● Directions for this task
Answer with one figure only, the number of lines below in which "whole" occurs.

● Input for this task
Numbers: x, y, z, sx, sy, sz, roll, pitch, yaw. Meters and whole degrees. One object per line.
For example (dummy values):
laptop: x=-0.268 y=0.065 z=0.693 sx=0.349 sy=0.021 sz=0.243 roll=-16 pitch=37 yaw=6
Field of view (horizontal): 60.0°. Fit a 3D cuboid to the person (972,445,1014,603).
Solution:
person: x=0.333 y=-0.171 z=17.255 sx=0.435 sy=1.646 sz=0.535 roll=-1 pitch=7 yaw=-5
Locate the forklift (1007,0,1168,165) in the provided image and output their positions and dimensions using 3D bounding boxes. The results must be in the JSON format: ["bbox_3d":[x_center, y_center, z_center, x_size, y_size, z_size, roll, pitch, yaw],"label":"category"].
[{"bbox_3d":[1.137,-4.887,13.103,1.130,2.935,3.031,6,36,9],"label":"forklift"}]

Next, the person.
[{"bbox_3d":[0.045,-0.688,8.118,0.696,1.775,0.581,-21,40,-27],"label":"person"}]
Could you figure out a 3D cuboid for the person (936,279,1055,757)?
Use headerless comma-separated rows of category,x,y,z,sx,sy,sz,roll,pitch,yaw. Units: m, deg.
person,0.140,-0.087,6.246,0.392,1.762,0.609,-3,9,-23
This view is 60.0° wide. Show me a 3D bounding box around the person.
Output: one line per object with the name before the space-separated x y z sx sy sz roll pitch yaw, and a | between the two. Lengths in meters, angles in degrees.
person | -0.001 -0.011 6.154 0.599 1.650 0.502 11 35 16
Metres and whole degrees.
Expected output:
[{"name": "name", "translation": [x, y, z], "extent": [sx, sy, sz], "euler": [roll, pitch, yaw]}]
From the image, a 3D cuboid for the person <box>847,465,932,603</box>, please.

● Problem solution
2